[Excerpts from a dataset]
┌────────

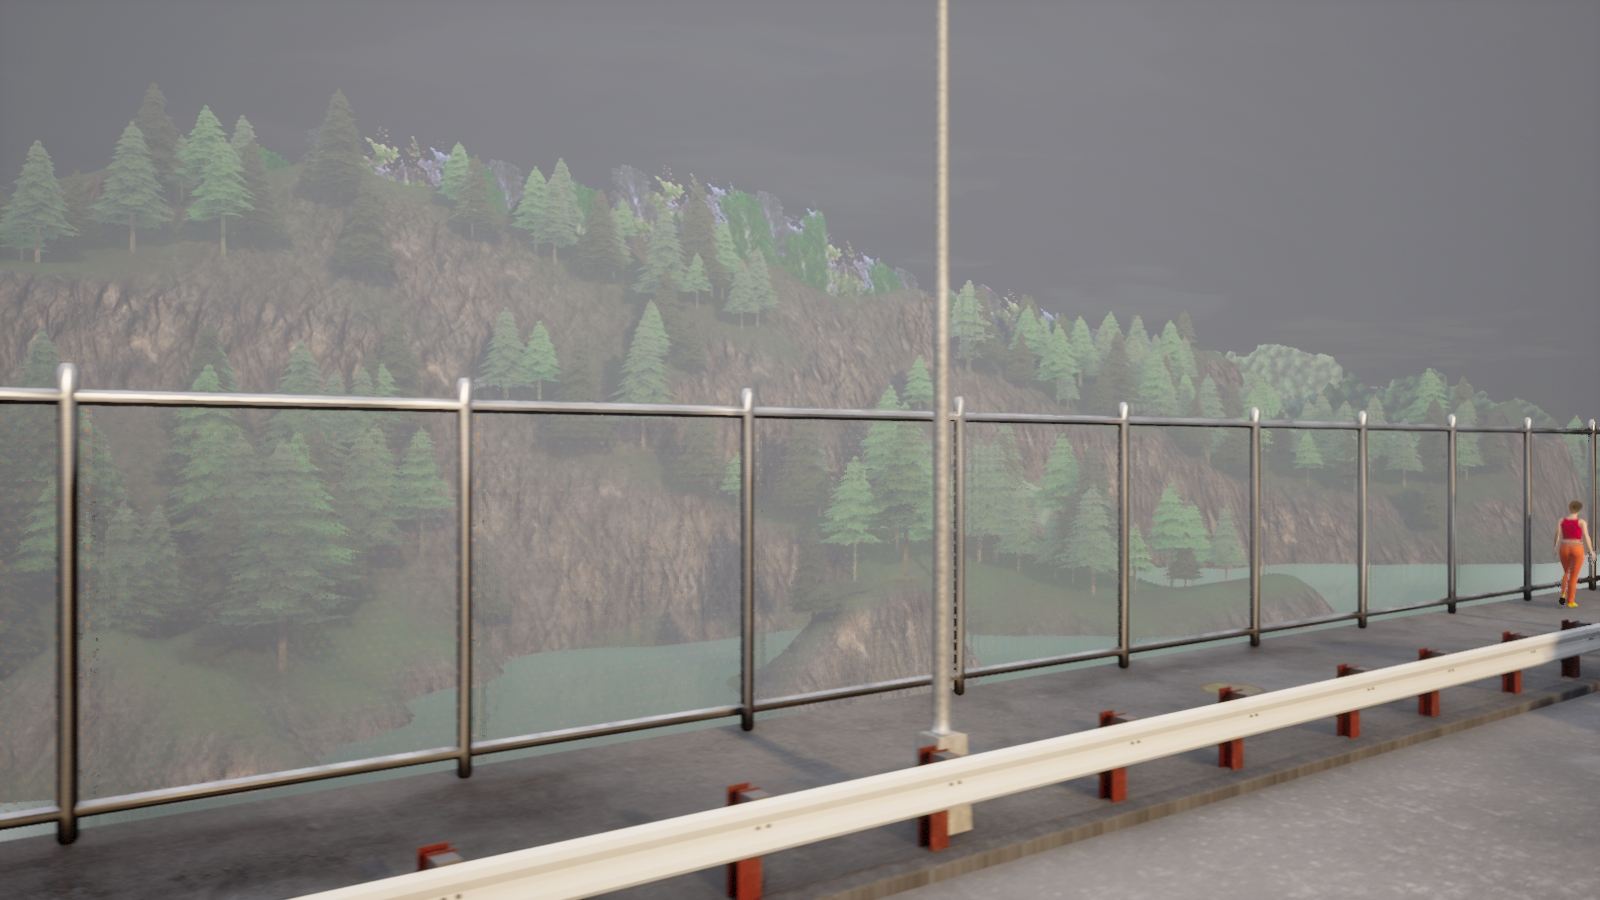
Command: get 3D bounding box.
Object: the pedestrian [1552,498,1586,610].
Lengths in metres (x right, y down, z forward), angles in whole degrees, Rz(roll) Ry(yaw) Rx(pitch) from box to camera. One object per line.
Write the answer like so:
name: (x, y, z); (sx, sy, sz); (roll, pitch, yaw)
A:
pedestrian: (13.086, 1.754, 19.434); (0.375, 1.860, 0.375); (0, 0, -36)
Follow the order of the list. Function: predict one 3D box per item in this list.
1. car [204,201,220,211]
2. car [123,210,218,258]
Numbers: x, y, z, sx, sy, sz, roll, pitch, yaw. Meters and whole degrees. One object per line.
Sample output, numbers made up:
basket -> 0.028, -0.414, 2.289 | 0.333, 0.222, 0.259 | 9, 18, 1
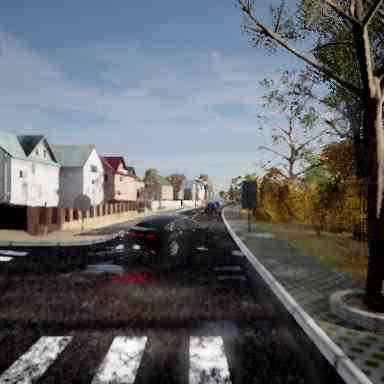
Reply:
car -> 2.977, 2.337, 51.624 | 1.812, 1.442, 4.674 | 0, -1, 6
car -> -0.731, 1.687, 13.631 | 1.837, 1.490, 4.892 | 3, 1, 30
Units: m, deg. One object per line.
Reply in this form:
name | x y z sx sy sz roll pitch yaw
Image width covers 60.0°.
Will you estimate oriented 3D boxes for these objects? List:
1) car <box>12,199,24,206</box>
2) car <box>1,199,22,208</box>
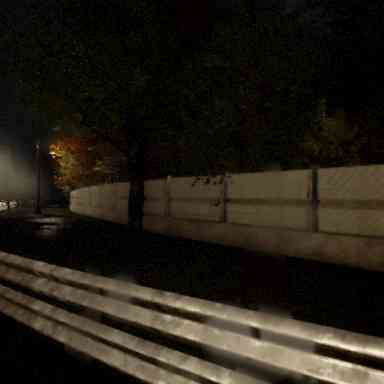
car | -36.272 2.098 69.409 1.812 1.442 4.674 1 -1 -22
car | -32.417 1.974 59.843 1.882 1.535 5.008 1 -1 -22
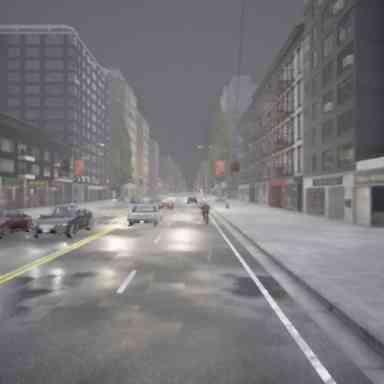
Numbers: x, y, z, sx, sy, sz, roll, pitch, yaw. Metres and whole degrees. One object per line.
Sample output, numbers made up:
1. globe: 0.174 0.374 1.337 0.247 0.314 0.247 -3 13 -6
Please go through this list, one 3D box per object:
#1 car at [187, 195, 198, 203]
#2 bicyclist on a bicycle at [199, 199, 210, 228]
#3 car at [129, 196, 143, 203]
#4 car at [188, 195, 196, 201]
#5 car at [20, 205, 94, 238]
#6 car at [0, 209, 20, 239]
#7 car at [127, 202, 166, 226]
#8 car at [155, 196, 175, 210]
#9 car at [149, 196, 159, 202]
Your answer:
1. car: 0.066 1.401 65.232 1.882 1.535 5.008 0 0 1
2. bicyclist on a bicycle: 0.897 1.434 21.092 0.582 1.620 1.656 0 0 0
3. car: -9.769 1.446 58.326 1.837 1.490 4.892 0 0 1
4. car: 0.018 1.437 82.311 2.033 1.411 5.357 0 0 0
5. car: -6.590 1.477 17.453 2.128 1.511 4.902 0 0 0
6. car: -9.842 1.550 17.015 1.994 1.385 4.181 0 0 0
7. car: -3.145 1.580 23.104 1.895 1.301 4.718 0 0 0
8. car: -3.141 1.558 41.858 1.895 1.301 4.718 0 0 0
9. car: -6.510 1.443 59.577 1.837 1.490 4.892 0 0 1
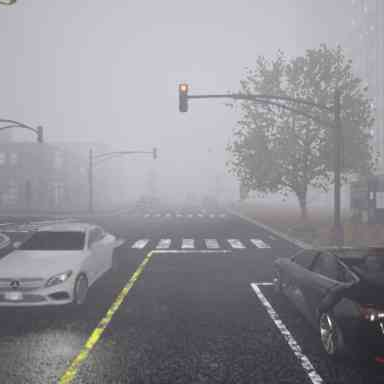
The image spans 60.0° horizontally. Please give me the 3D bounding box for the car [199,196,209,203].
[{"bbox_3d":[2.577,1.572,71.509,1.947,1.339,4.313,0,0,0],"label":"car"}]

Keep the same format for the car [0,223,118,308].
[{"bbox_3d":[-3.049,1.526,8.034,1.812,1.442,4.674,0,0,0],"label":"car"}]

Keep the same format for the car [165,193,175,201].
[{"bbox_3d":[-5.831,1.324,88.145,2.192,1.841,5.009,0,0,0],"label":"car"}]

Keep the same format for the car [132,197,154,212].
[{"bbox_3d":[-5.749,1.584,38.186,1.802,1.307,4.206,0,0,0],"label":"car"}]

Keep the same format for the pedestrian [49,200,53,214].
[{"bbox_3d":[-12.798,1.319,30.178,0.375,1.300,0.375,0,-1,-1],"label":"pedestrian"}]

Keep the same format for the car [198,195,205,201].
[{"bbox_3d":[2.549,1.534,88.332,1.752,1.417,4.829,0,0,0],"label":"car"}]

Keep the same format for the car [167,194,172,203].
[{"bbox_3d":[-5.804,1.532,71.322,1.752,1.417,4.829,0,0,0],"label":"car"}]

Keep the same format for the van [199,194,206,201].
[{"bbox_3d":[2.560,1.349,82.611,1.690,1.788,3.998,0,0,0],"label":"van"}]

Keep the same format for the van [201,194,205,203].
[{"bbox_3d":[2.614,1.345,49.305,1.690,1.788,3.998,0,0,0],"label":"van"}]

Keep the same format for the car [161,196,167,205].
[{"bbox_3d":[-5.776,1.555,54.839,2.008,1.369,4.403,0,0,0],"label":"car"}]

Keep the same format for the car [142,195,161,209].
[{"bbox_3d":[-5.757,1.318,43.737,2.192,1.841,5.009,0,0,0],"label":"car"}]

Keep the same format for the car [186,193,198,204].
[{"bbox_3d":[-0.010,1.228,62.796,2.150,2.045,5.566,0,0,0],"label":"car"}]

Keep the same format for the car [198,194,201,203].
[{"bbox_3d":[2.595,1.556,60.407,2.008,1.369,4.403,0,0,0],"label":"car"}]

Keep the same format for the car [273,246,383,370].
[{"bbox_3d":[2.686,1.566,5.724,1.947,1.339,4.313,0,0,0],"label":"car"}]

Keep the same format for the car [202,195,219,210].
[{"bbox_3d":[2.622,1.528,43.923,1.752,1.417,4.829,0,0,0],"label":"car"}]

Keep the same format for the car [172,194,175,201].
[{"bbox_3d":[-5.822,1.558,82.594,2.008,1.369,4.403,0,0,0],"label":"car"}]
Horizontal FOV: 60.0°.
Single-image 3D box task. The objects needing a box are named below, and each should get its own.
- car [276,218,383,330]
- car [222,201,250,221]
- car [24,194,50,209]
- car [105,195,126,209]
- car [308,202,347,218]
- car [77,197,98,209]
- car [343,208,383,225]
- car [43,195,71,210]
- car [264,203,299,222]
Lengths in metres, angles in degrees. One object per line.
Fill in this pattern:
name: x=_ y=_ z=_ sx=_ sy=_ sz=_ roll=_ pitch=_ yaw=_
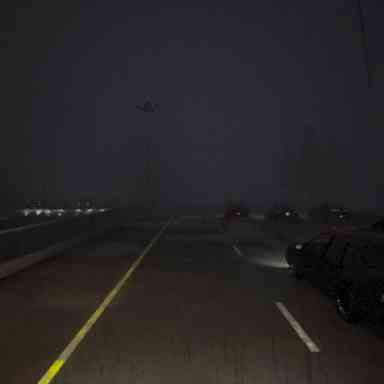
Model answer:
car: x=3.542 y=1.554 z=7.121 sx=2.033 sy=1.411 sz=5.357 roll=0 pitch=0 yaw=1
car: x=3.579 y=1.501 z=27.863 sx=1.882 sy=1.535 sz=5.008 roll=0 pitch=0 yaw=0
car: x=-21.454 y=1.262 z=46.828 sx=2.150 sy=2.045 sz=5.566 roll=0 pitch=0 yaw=-4
car: x=-10.959 y=1.542 z=46.723 sx=1.837 sy=1.490 sz=4.892 roll=0 pitch=0 yaw=-3
car: x=10.570 y=1.515 z=25.922 sx=2.128 sy=1.511 sz=4.902 roll=0 pitch=0 yaw=0
car: x=-14.425 y=1.541 z=46.080 sx=1.837 sy=1.490 sz=4.892 roll=0 pitch=0 yaw=-3
car: x=7.069 y=1.516 z=10.916 sx=1.837 sy=1.490 sz=4.892 roll=0 pitch=0 yaw=0
car: x=-17.867 y=1.515 z=44.987 sx=1.882 sy=1.535 sz=5.008 roll=0 pitch=0 yaw=-3
car: x=7.074 y=1.587 z=26.634 sx=1.994 sy=1.385 sz=4.181 roll=0 pitch=0 yaw=0
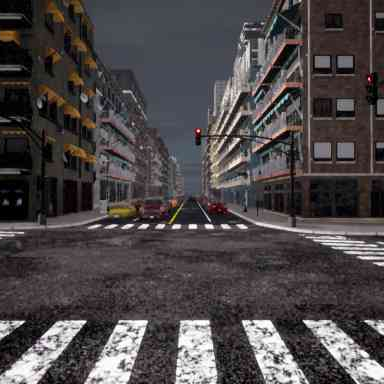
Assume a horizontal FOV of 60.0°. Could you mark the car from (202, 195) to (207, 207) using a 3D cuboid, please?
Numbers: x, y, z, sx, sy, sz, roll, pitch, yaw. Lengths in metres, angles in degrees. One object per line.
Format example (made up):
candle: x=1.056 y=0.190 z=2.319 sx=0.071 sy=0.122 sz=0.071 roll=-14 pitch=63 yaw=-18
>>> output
car: x=2.571 y=1.450 z=39.062 sx=1.967 sy=1.590 sz=4.097 roll=1 pitch=0 yaw=0

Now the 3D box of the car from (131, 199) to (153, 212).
car: x=-5.811 y=1.554 z=39.048 sx=1.887 sy=1.381 sz=4.507 roll=1 pitch=0 yaw=0

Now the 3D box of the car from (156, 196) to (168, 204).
car: x=-5.902 y=1.572 z=66.665 sx=2.008 sy=1.369 sz=4.403 roll=1 pitch=0 yaw=0

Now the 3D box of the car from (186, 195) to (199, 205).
car: x=-0.092 y=1.523 z=58.745 sx=1.837 sy=1.490 sz=4.892 roll=0 pitch=0 yaw=0

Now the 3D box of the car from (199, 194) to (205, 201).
car: x=2.732 y=1.380 z=81.851 sx=2.097 sy=1.767 sz=4.553 roll=0 pitch=0 yaw=0

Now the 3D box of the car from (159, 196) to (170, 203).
car: x=-5.920 y=1.568 z=72.189 sx=1.887 sy=1.381 sz=4.507 roll=1 pitch=0 yaw=0

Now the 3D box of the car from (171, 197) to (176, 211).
car: x=-3.224 y=1.557 z=37.576 sx=2.033 sy=1.411 sz=5.357 roll=0 pitch=0 yaw=0

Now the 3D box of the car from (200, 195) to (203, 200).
car: x=2.533 y=1.596 z=50.108 sx=1.802 sy=1.307 sz=4.206 roll=1 pitch=0 yaw=0

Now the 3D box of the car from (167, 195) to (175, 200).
car: x=-5.992 y=1.587 z=94.282 sx=2.008 sy=1.369 sz=4.403 roll=1 pitch=0 yaw=0

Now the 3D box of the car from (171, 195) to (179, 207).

└────────

■ **Exercise directions**: Print the lines above from the one with "Lengths in metres (x" through the one with "2. car [123,210,218,258]", both included, exactly as written and nothing more.

■ **Answer to the problem**:
Lengths in metres (x right, y down, z forward), angles in whole degrees, Rz(roll) Ry(yaw) Rx(pitch) from box to camera. One object per line.
Write the answer like so:
name: (x, y, z); (sx, sy, sz); (roll, pitch, yaw)
A:
pedestrian: (13.086, 1.754, 19.434); (0.375, 1.860, 0.375); (0, 0, -36)
Follow the order of the list. Function: predict one 3D box per item in this list.
1. car [204,201,220,211]
2. car [123,210,218,258]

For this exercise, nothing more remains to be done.